Introdução
Outubro foi um mês de ajustes e reposicionamento na economia global e nacional. No cenário internacional, Estados Unidos e China avançaram em um acordo de cooperação econômica, reduzindo tensões comerciais e indicando uma fase de maior estabilidade nas relações globais. Autoridades norte-americanas também iniciaram diálogos sobre revisão de tarifas bilaterais com diversos parceiros, incluindo o Brasil, o que favoreceu o ambiente de negócios e as expectativas de recuperação das cadeias produtivas. No plano doméstico, as projeções de crescimento foram revisadas positivamente e o comportamento do crédito, mesmo com juros elevados, passou a ser acompanhado de perto, indicando resiliência econômica e desafios para a política monetária.
Fatos econômicos de outubro e impactos para a economia capixaba
O relatório de outubro do Fundo Monetário Internacional apontou que, mesmo com a taxa Selic mantida em 15%, o crédito bancário no Brasil continua crescendo. O avanço é impulsionado pela expansão das fintechs e pelo aumento da renda, refletindo resiliência no consumo principalmente pela expansão do crédito ao trabalhador. Esse movimento mostra a vitalidade do sistema financeiro, mas exige atenção à sustentabilidade do endividamento e à qualidade do crédito. Para o Espírito Santo, onde o cooperativismo financeiro e as instituições regionais de crédito têm papel importante, o cenário abre oportunidades para ampliar o acesso a financiamento e estimular pequenas e médias empresas locais.
O Fundo Monetário Internacional e o Banco Mundial projetaram crescimento global de 3,2% em 2025 e 3,1% em 2026, em um ambiente ainda sujeito a riscos geopolíticos e ao avanço de políticas industriais nacionais. A projeção para o Brasil foi revisada para 2,4%, superando a média da América Latina de 2,3%, conforme a Agência Brasil. O desempenho superior do país na região reflete o impulso fiscal dado pelo governo e dinamismo dos setores exportadores e de serviços, mostrando resiliência ao cenário adverso de aumento no protecionismo norte-americano. Para o Espírito Santo, essa conjuntura pode favorecer investimentos em logística e na cadeia de exportação de commodities industriais e agrícolas, ampliando a competitividade regional.
Em âmbito interno, a Reuters reportou que o índice de atividade econômica de agosto cresceu abaixo do esperado, indicando desaceleração gradual da economia brasileira. A política monetária restritiva ainda impõe limites ao consumo e ao crédito, reforçando a importância de estratégias regionais voltadas à inovação, produtividade e diversificação industrial para sustentar o crescimento no médio prazo.
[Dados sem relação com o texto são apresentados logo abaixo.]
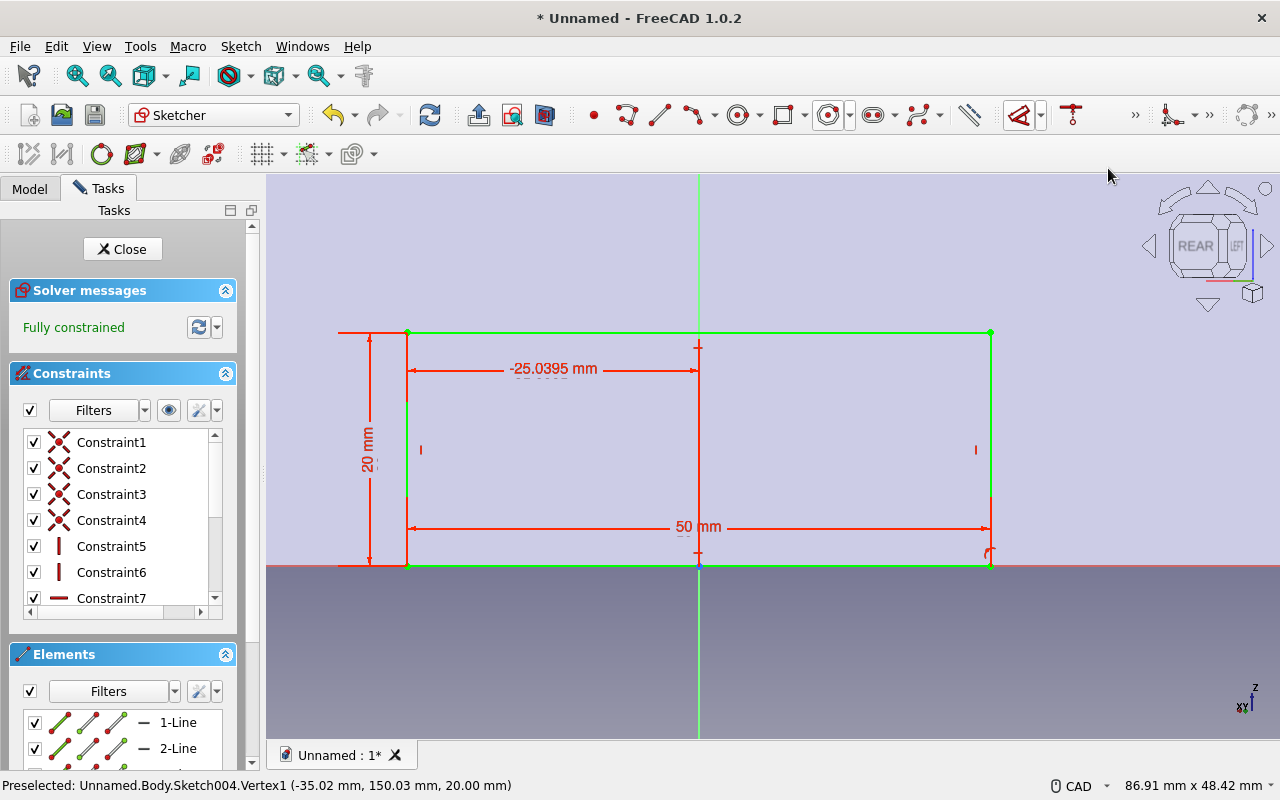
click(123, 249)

No campo diplomático, o encontro entre os presidentes dos Estados Unidos e da China, realizado em Busan nos dias 29 e 30 de outubro, reforçou o compromisso de cooperação econômica e de diálogo sobre cadeias de valor, mineração e tecnologia. A aproximação entre as duas maiores economias do mundo tende a reduzir a incerteza global e estabilizar o comércio de commodities estratégicas. Para o Espírito Santo, exportador de celulose, café, rochas ornamentais e aço, esse cenário traz previsibilidade e melhora o ambiente para expansão de contratos e novos investimentos.
Oportunidades e desafios
O contexto atual abre espaço para o fortalecimento das cadeias exportadoras capixabas e para atração de novos investimentos logísticos e industriais. O equilíbrio fiscal e a infraestrutura portuária moderna posicionam o Espírito Santo de forma competitiva para receber projetos produtivos e ampliar sua participação no comércio exterior. O aumento do crédito e as projeções positivas de crescimento nacional reforçam o ambiente de negócios e a capacidade de financiamento de novos empreendimentos.
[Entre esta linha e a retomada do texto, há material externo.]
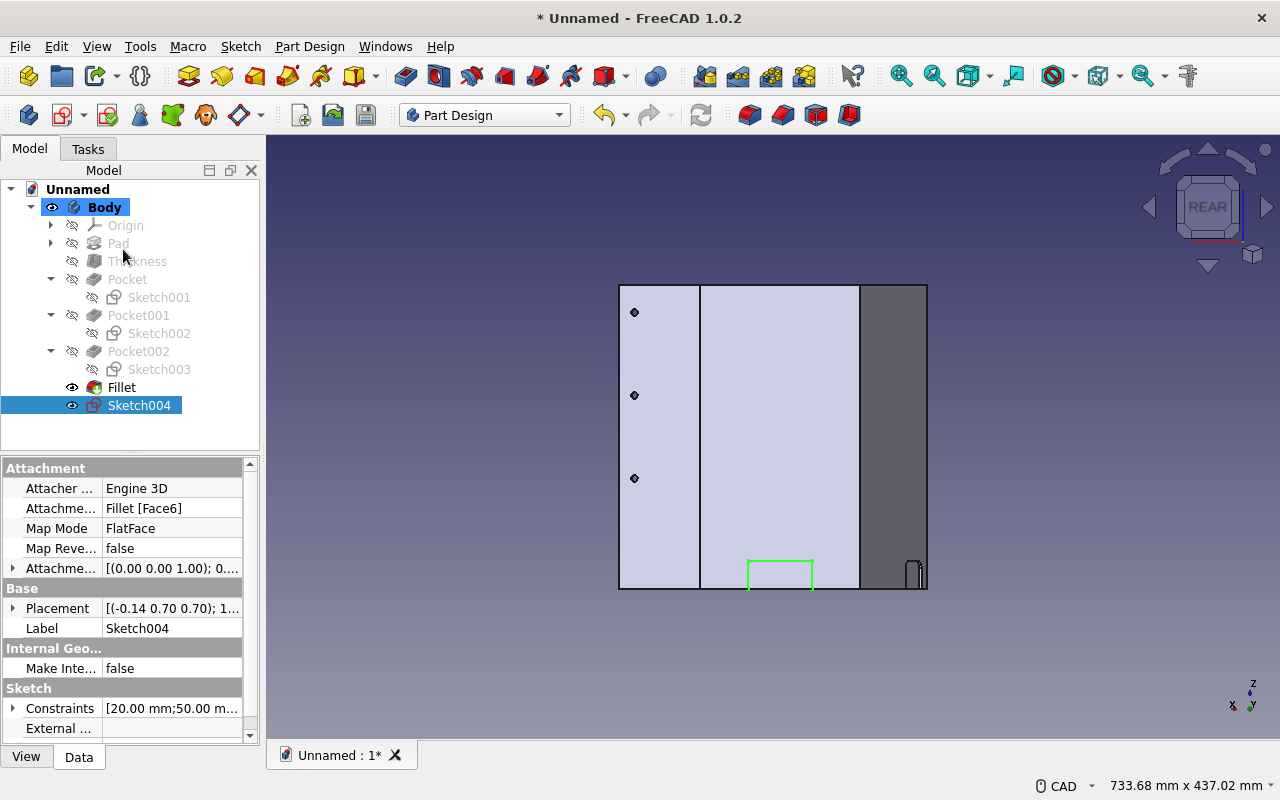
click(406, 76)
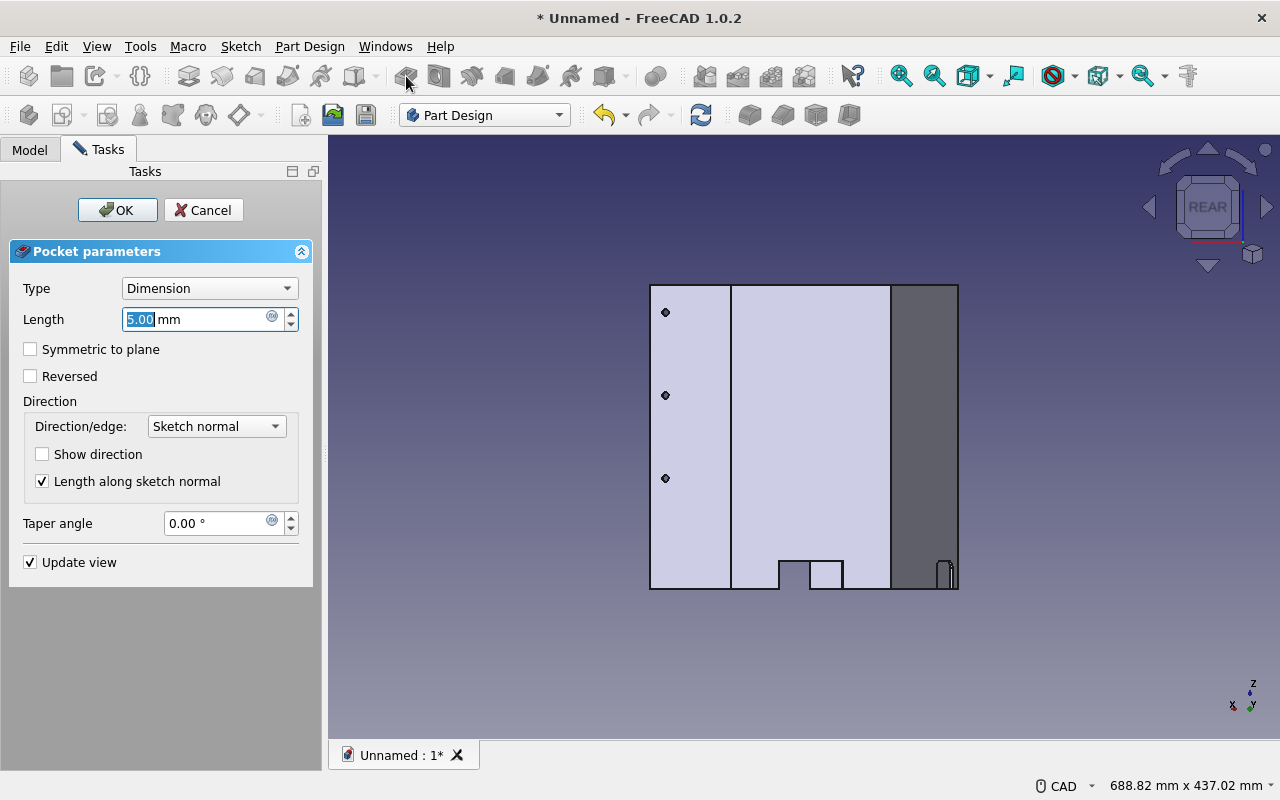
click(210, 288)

Por outro lado, persistem desafios relacionados à integração tecnológica, ao aumento da produtividade e à necessidade de atender padrões mais elevados de sustentabilidade e governança. A desaceleração nacional exige cautela e foco em planejamento estratégico, eficiência e diversificação de mercados. A cooperação entre governo, setor produtivo e entidades empresariais será decisiva para transformar a estabilidade global em desenvolvimento regional duradouro.
Conclusão para o empresário capixaba
Outubro marcou uma fase de transição e reorganização nas economias global e doméstica. Para o Espírito Santo, o cenário é favorável, mas impõe exigências crescentes em inovação, qualificação e planejamento. O empresário capixaba deve aproveitar o momento de estabilidade e diálogo internacional para consolidar sua presença nos mercados externos e expandir negócios com base em eficiência e sustentabilidade. A consolidação de uma economia regional resiliente e moderna dependerá da capacidade de transformar estabilidade fiscal e logística em crescimento econômico inclusivo e duradouro.